Could you copy, exactly as written, every line from the first line of the records through the one containing "search: boats?"?

(Items from a dataset)
= Beginning of Section =

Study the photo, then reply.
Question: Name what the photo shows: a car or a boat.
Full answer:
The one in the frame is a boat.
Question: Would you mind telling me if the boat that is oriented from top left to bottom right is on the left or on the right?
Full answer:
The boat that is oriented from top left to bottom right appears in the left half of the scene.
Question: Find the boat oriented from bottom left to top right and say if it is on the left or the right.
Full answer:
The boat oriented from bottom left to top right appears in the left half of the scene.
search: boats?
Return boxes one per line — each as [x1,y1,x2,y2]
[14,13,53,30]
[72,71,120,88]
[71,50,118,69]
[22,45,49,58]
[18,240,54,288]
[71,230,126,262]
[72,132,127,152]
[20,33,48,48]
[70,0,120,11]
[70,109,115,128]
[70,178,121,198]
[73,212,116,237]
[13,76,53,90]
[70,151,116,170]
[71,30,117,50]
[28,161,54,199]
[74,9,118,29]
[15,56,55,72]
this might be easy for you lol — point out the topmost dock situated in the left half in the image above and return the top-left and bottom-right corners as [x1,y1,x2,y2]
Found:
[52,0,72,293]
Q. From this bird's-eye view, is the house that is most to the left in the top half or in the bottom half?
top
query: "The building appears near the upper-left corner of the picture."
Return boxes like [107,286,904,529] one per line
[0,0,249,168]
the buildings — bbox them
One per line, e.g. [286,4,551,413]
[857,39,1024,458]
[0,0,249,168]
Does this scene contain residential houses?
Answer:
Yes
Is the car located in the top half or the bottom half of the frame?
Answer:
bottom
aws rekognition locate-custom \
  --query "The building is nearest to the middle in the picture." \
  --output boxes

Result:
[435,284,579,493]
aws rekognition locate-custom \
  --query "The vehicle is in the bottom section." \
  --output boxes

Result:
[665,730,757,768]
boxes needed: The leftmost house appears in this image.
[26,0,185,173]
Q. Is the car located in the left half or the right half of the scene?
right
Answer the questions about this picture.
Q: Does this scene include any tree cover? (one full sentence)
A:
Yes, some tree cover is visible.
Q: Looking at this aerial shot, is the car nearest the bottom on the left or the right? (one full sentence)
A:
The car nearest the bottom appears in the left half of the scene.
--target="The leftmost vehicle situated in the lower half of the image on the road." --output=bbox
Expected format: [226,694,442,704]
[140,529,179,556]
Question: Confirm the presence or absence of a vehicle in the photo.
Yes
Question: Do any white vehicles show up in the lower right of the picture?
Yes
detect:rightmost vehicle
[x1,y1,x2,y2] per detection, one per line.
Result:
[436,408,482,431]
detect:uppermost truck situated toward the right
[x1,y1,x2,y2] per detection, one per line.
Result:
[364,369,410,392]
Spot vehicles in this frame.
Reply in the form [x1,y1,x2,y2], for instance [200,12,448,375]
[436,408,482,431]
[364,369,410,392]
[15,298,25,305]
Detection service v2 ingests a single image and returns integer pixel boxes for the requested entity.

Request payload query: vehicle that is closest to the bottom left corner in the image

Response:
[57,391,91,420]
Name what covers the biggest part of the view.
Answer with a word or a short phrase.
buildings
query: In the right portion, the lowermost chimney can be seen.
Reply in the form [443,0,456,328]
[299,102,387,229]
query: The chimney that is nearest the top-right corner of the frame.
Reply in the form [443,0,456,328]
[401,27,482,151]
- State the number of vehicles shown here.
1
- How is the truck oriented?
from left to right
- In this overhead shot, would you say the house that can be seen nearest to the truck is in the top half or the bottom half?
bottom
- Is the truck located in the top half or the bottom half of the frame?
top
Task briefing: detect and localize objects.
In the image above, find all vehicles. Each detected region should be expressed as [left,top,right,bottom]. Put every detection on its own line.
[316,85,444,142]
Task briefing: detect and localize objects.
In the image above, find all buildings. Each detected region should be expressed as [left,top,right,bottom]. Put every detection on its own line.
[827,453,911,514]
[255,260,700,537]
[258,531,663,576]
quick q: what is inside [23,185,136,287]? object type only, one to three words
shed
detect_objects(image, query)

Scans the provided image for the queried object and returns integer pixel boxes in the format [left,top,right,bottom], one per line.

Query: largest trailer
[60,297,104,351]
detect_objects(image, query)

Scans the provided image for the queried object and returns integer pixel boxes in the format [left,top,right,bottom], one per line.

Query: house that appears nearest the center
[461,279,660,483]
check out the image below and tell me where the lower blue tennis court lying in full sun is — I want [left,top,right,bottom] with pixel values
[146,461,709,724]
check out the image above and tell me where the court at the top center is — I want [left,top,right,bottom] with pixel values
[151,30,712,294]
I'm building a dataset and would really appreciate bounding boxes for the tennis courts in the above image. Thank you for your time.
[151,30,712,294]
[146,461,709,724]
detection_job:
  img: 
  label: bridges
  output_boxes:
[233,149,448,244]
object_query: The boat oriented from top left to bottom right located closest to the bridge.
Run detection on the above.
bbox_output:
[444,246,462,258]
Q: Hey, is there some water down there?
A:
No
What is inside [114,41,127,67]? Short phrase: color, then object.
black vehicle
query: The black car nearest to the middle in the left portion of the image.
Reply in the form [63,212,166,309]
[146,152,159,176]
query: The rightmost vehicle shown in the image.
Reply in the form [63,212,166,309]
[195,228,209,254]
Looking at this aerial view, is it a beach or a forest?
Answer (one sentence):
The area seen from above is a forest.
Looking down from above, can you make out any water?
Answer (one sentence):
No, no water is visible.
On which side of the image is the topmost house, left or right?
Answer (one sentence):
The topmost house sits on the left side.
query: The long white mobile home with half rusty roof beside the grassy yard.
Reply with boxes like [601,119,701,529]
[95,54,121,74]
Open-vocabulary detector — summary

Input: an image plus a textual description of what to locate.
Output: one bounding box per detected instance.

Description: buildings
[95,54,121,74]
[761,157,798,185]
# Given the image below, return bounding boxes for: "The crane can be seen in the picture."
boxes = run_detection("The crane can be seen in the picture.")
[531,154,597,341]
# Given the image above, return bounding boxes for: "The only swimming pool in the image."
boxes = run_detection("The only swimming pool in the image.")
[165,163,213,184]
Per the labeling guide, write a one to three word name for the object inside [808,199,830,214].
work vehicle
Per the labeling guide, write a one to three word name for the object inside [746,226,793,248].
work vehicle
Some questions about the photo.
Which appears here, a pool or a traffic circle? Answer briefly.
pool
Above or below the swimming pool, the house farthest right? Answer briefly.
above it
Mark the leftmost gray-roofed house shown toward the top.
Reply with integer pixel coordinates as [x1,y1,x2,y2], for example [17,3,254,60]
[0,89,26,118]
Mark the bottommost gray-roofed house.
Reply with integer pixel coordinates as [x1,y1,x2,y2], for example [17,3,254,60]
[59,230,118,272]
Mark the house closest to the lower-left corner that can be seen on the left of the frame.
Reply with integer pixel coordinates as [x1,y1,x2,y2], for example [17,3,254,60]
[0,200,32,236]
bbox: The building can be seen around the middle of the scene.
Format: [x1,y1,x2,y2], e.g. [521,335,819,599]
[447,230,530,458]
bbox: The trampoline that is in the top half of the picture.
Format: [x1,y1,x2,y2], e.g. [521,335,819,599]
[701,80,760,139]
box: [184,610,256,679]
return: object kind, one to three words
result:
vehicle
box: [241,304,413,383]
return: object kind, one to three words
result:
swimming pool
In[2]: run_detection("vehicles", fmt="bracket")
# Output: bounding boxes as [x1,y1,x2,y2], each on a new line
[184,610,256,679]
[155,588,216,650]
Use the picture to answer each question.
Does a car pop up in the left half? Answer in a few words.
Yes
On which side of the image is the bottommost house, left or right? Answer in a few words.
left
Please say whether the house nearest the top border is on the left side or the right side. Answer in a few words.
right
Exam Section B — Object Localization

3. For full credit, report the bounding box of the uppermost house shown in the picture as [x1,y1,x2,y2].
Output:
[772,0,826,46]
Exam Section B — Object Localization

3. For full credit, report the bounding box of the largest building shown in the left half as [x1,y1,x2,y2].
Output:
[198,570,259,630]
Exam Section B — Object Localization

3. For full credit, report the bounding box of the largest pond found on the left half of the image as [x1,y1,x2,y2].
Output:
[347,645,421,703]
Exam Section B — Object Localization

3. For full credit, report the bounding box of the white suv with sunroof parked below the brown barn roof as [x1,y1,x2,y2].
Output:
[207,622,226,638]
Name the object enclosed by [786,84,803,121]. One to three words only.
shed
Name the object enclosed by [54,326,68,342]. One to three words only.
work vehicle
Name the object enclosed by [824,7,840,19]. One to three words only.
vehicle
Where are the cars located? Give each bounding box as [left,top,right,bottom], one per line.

= End of Section =

• _RESPONSE_:
Study the photo, then reply.
Question: Name what the photo shows: a car or a boat.
Full answer:
The one in the frame is a boat.
Question: Would you mind telling me if the boat that is oriented from top left to bottom right is on the left or on the right?
Full answer:
The boat that is oriented from top left to bottom right appears in the left half of the scene.
Question: Find the boat oriented from bottom left to top right and say if it is on the left or the right.
Full answer:
The boat oriented from bottom left to top right appears in the left half of the scene.
search: boats?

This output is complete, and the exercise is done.